From the listing below, set down exactly the lines between the one holding "Class: plant pot." and the one holding "Camera frame: x", inclusive. No other line is wanted.

.....

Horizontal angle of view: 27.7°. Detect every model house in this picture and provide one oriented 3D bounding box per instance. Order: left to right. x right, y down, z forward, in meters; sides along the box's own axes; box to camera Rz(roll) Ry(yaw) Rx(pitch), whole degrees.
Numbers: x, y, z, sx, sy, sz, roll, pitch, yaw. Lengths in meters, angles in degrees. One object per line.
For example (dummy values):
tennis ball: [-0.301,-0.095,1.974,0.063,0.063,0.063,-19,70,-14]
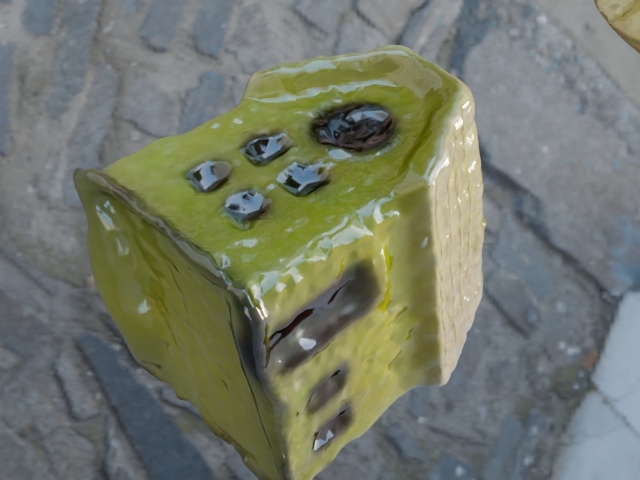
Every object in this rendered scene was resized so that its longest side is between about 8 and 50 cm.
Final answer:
model house: [0.000,0.000,0.785,0.234,0.174,0.193,-38,140,-27]

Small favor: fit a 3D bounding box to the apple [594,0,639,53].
apple: [0.370,-0.239,1.028,0.314,0.309,0.252,-16,129,-21]
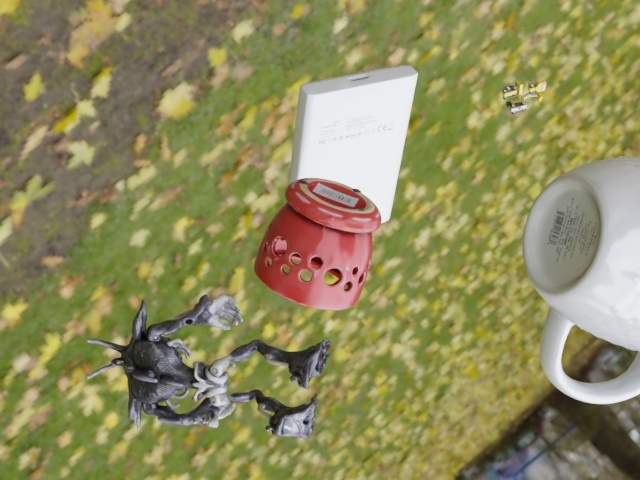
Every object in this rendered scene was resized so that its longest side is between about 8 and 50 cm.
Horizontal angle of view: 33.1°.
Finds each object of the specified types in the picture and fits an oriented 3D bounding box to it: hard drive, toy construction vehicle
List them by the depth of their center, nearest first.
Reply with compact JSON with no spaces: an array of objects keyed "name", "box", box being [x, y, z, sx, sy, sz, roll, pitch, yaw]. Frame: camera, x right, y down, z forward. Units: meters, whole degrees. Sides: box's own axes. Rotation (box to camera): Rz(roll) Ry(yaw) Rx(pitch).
[{"name":"hard drive","box":[0.052,-0.159,2.064,0.233,0.047,0.353,-15,135,-25]},{"name":"toy construction vehicle","box":[0.435,-0.318,2.325,0.098,0.035,0.086,-18,147,-3]}]

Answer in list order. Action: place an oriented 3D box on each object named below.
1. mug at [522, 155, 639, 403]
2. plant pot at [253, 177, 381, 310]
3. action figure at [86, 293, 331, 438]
[{"name":"mug","box":[0.442,0.063,1.501,0.328,0.276,0.374,11,111,-27]},{"name":"plant pot","box":[0.000,0.000,1.807,0.191,0.191,0.174,-22,136,-57]},{"name":"action figure","box":[-0.132,0.154,1.279,0.141,0.276,0.164,-22,121,-71]}]
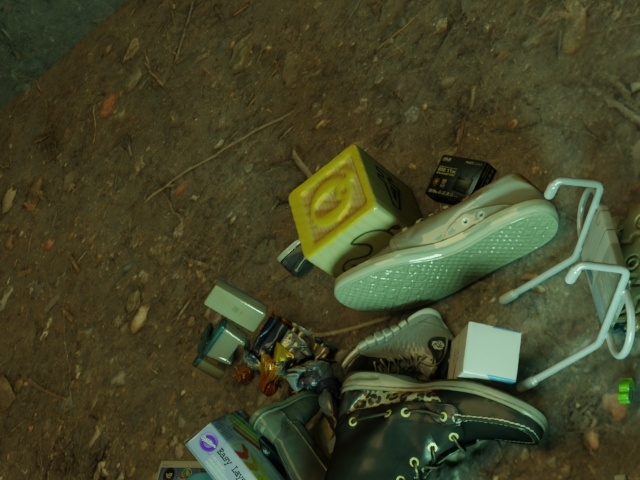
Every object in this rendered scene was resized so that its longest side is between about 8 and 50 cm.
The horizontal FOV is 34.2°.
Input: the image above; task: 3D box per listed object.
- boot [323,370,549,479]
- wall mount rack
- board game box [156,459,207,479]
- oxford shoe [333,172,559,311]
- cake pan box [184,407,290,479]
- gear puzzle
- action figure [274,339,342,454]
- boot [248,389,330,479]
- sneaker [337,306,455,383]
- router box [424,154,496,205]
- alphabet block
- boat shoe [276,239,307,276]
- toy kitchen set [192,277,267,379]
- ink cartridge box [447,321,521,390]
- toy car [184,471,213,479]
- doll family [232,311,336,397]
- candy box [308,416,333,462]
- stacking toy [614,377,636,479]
[{"bbox_3d":[0.167,0.372,1.719,0.377,0.138,0.284,6,59,28],"label":"boot"},{"bbox_3d":[0.403,0.076,1.715,0.350,0.130,0.304,-90,6,-47],"label":"wall mount rack"},{"bbox_3d":[-0.227,0.595,2.069,0.308,0.086,0.302,-10,59,41],"label":"board game box"},{"bbox_3d":[0.226,0.009,1.941,0.449,0.169,0.130,-27,51,21],"label":"oxford shoe"},{"bbox_3d":[-0.113,0.424,1.871,0.070,0.267,0.246,-39,80,4],"label":"cake pan box"},{"bbox_3d":[0.562,0.002,1.703,0.175,0.044,0.339,-9,55,53],"label":"gear puzzle"},{"bbox_3d":[0.026,0.292,1.960,0.285,0.185,0.099,54,129,32],"label":"action figure"},{"bbox_3d":[-0.015,0.386,1.939,0.208,0.189,0.076,43,130,30],"label":"boot"},{"bbox_3d":[0.151,0.222,1.897,0.228,0.086,0.132,-32,51,-10],"label":"sneaker"},{"bbox_3d":[0.277,-0.116,2.065,0.122,0.038,0.092,16,76,49],"label":"router box"},{"bbox_3d":[0.079,-0.038,2.089,0.192,0.197,0.193,-39,43,21],"label":"alphabet block"},{"bbox_3d":[0.000,0.000,2.268,0.206,0.075,0.065,-39,86,13],"label":"boat shoe"},{"bbox_3d":[-0.214,0.169,2.238,0.207,0.122,0.166,-55,11,20],"label":"toy kitchen set"},{"bbox_3d":[0.274,0.207,1.771,0.143,0.092,0.090,107,174,-67],"label":"ink cartridge box"},{"bbox_3d":[-0.313,0.541,1.937,0.210,0.238,0.219,-32,47,27],"label":"toy car"},{"bbox_3d":[-0.103,0.238,2.151,0.263,0.118,0.163,23,80,52],"label":"doll family"},{"bbox_3d":[0.036,0.419,1.966,0.105,0.027,0.206,-44,41,18],"label":"candy box"},{"bbox_3d":[0.526,0.292,1.539,0.167,0.052,0.221,-11,49,31],"label":"stacking toy"}]
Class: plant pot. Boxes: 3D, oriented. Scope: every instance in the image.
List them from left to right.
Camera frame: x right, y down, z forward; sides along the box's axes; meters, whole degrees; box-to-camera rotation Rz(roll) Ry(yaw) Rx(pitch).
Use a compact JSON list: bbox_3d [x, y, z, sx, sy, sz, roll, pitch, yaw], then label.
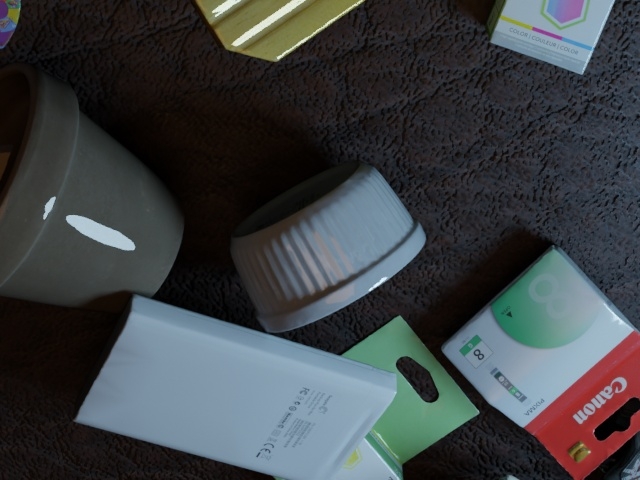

.....

◆ **YOUR SOLUTION**
Class: plant pot. Boxes: 3D, oriented. Scope: every instance in the image.
List them from left to right.
Camera frame: x right, y down, z forward; sides along the box's axes; meters, whole degrees; box-to-camera rotation Rz(roll) Ry(yaw) Rx(pitch).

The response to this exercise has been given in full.